Task to complete: Print the line that contains "name at (x, y, z)", then every line after it until the entries end, exactly as they read; do not include pictures.

Stored items from a collection:

<<<<

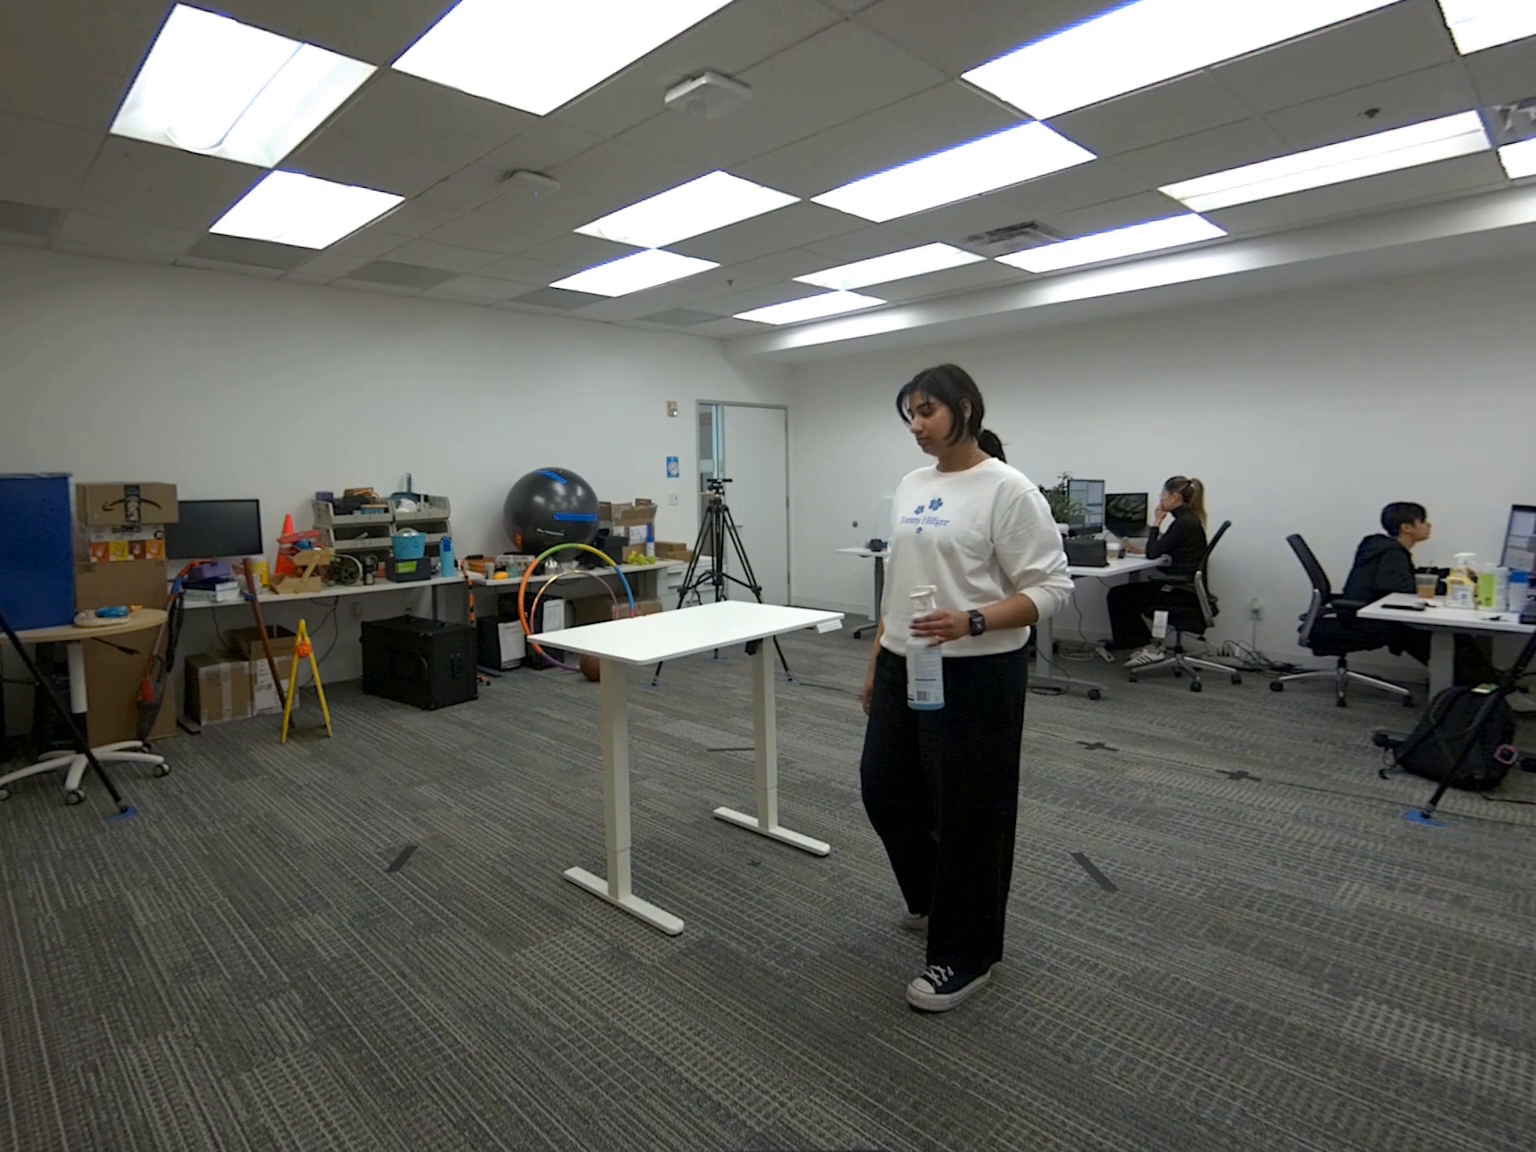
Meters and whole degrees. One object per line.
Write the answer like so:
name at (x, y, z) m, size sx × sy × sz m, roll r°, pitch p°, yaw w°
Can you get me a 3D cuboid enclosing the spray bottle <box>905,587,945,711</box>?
spray bottle at (0.392, 0.173, 2.090) m, size 0.087 × 0.297 × 0.090 m, roll -1°, pitch -1°, yaw -5°
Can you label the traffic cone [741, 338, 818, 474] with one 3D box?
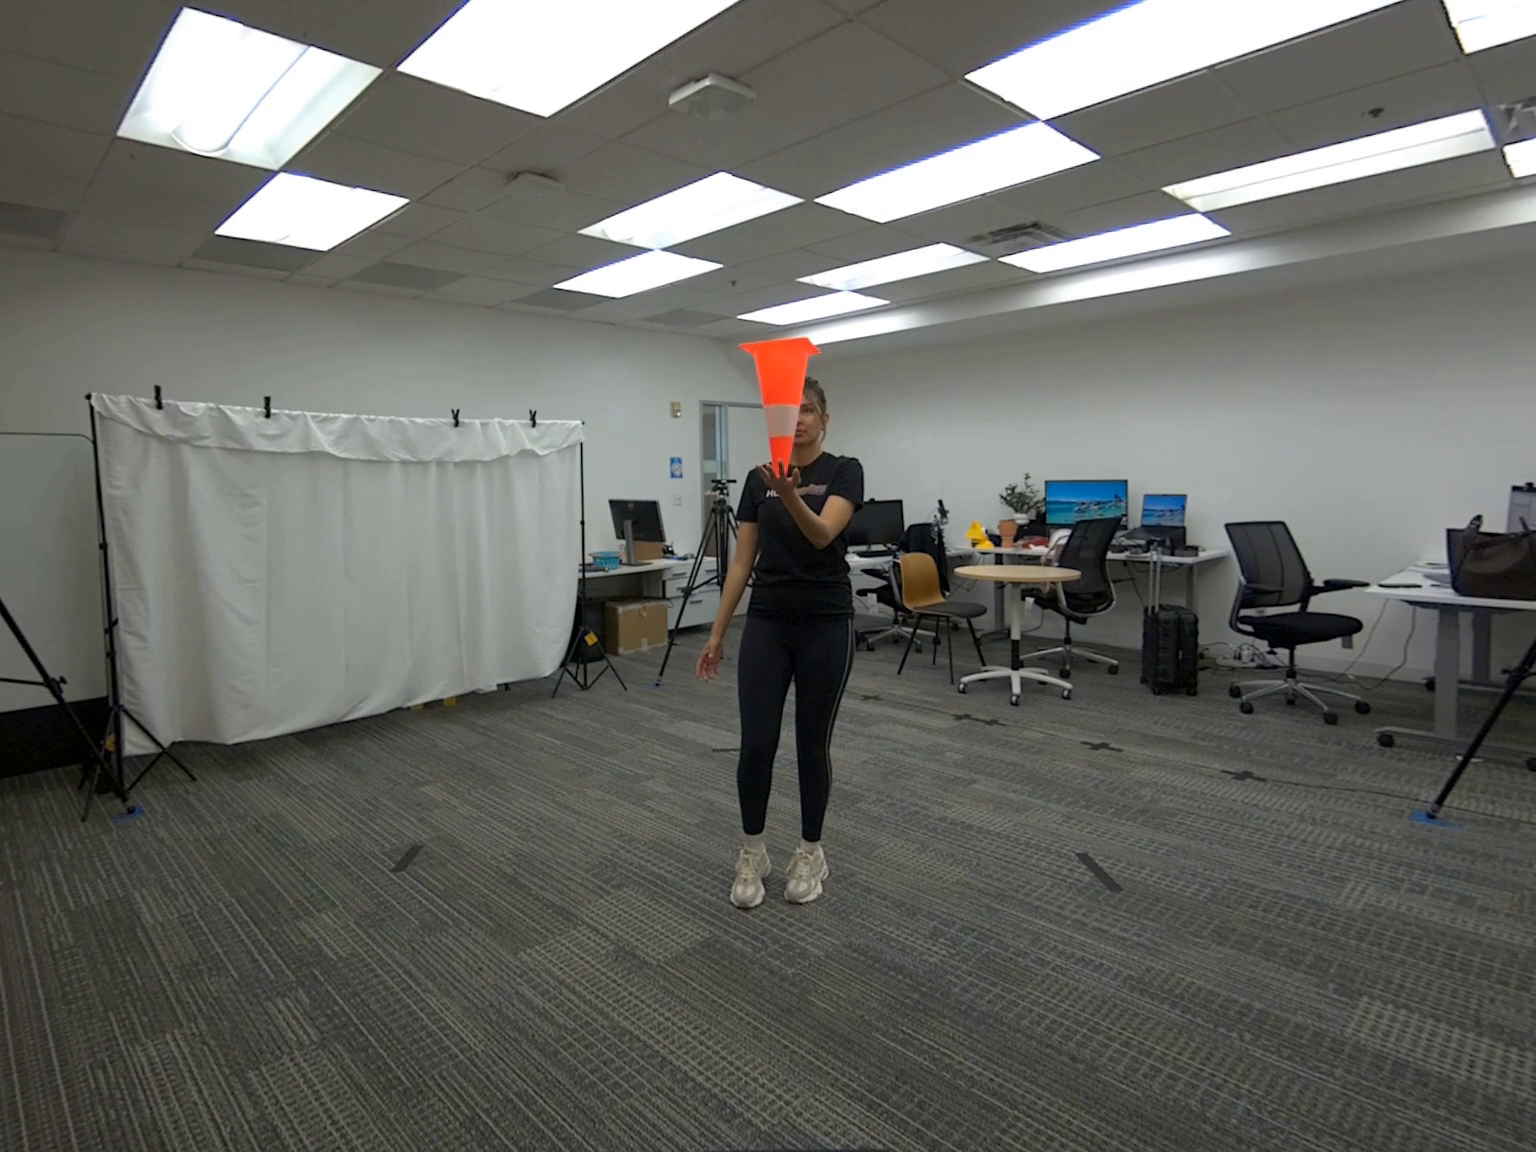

>>>>

Result for this exercise:
name at (x, y, z) m, size sx × sy × sz m, roll r°, pitch p°, yaw w°
Can you get me a 3D cuboid enclosing the spray bottle <box>905,587,945,711</box>?
spray bottle at (0.392, 0.173, 2.090) m, size 0.087 × 0.297 × 0.090 m, roll -1°, pitch -1°, yaw -5°
Can you label the traffic cone [741, 338, 818, 474] with one 3D box?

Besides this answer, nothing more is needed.